● To do
Restate the listing word for word; omit the images.

=== Section Start ===

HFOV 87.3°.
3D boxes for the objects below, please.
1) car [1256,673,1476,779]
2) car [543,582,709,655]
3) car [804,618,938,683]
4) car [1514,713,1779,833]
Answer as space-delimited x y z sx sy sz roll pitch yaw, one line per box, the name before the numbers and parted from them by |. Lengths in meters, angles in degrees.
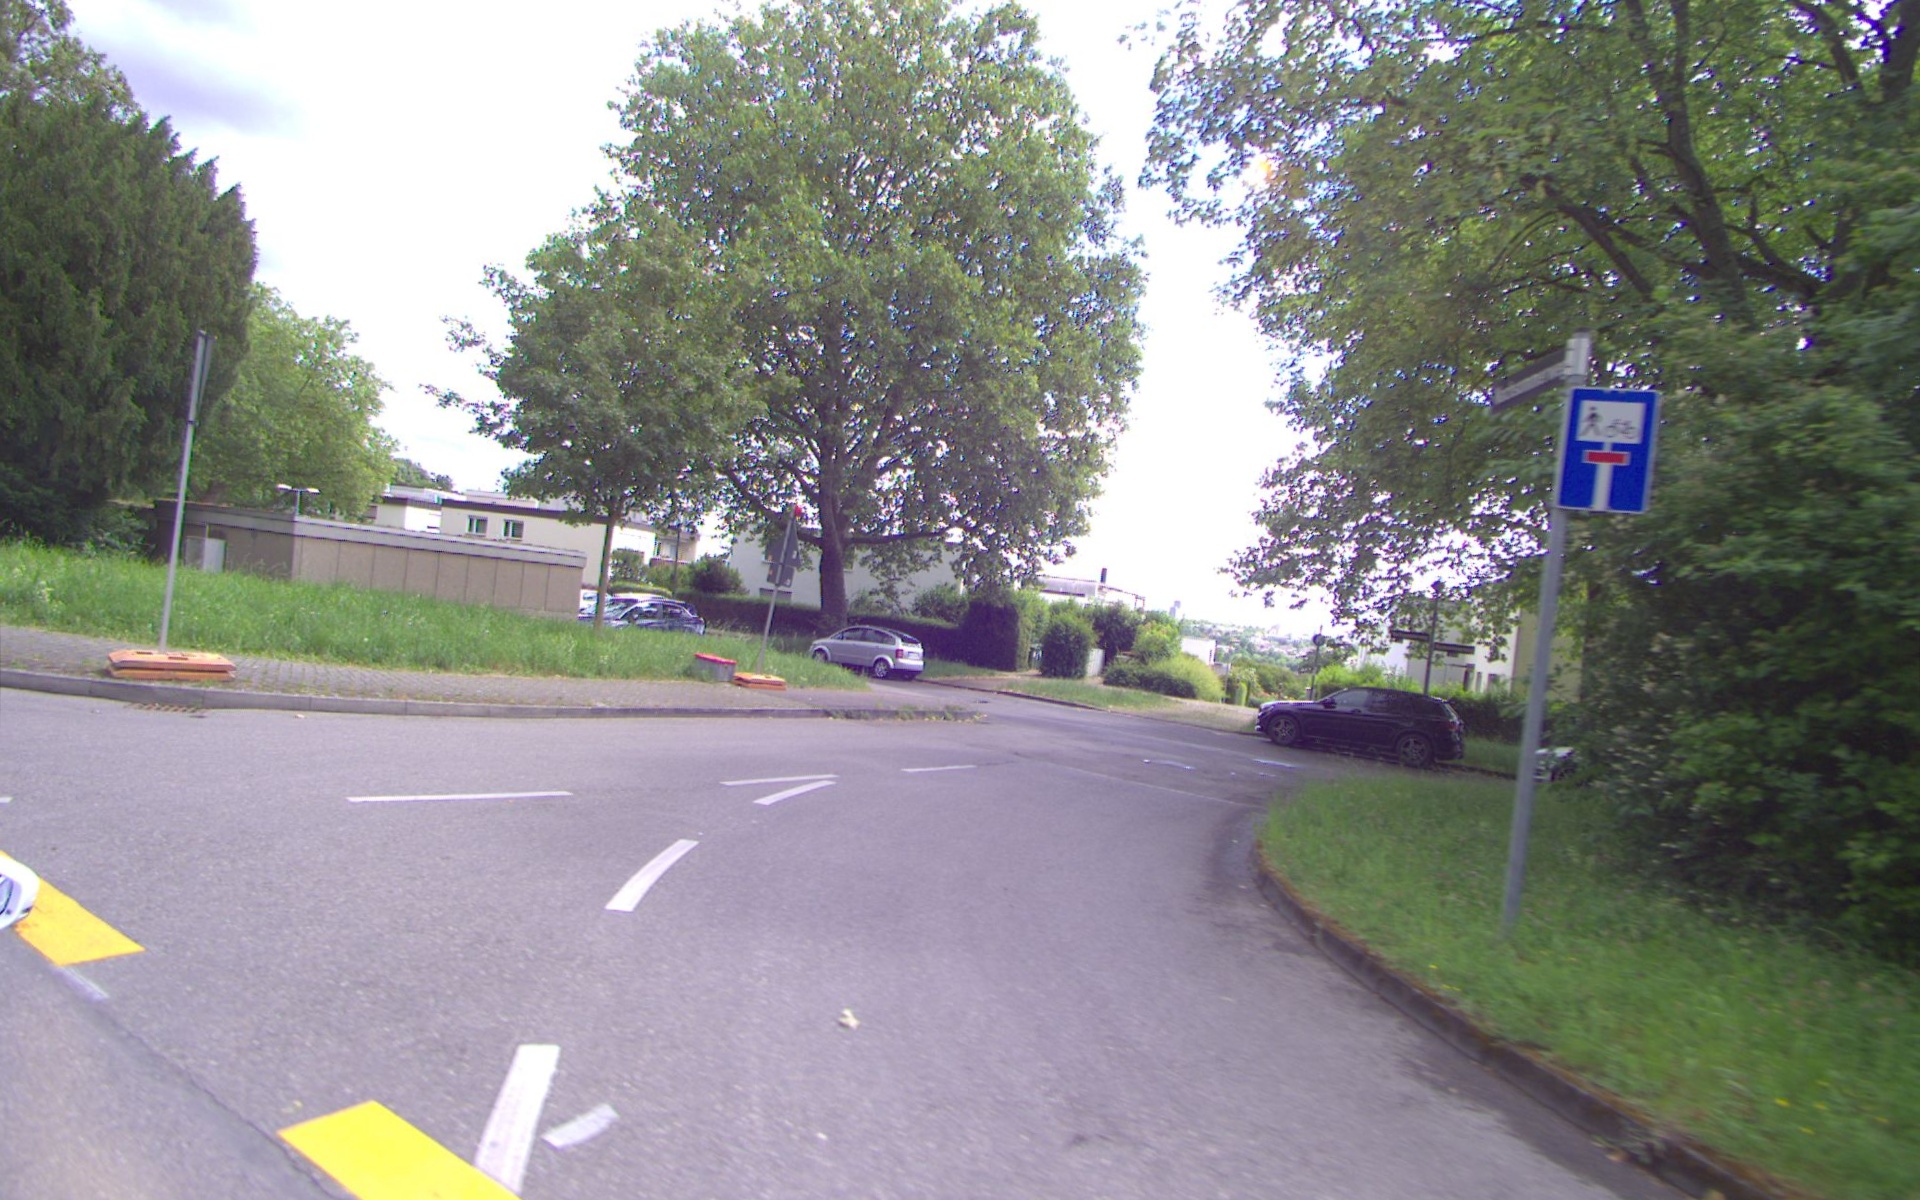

=== Section End ===

● Solution to this problem
HFOV 87.3°.
3D boxes for the objects below, please.
1) car [1256,673,1476,779]
2) car [543,582,709,655]
3) car [804,618,938,683]
4) car [1514,713,1779,833]
Answer as space-delimited x y z sx sy sz roll pitch yaw, one line per box, the name before the numbers and parted from them by |. Lengths in meters, angles in degrees.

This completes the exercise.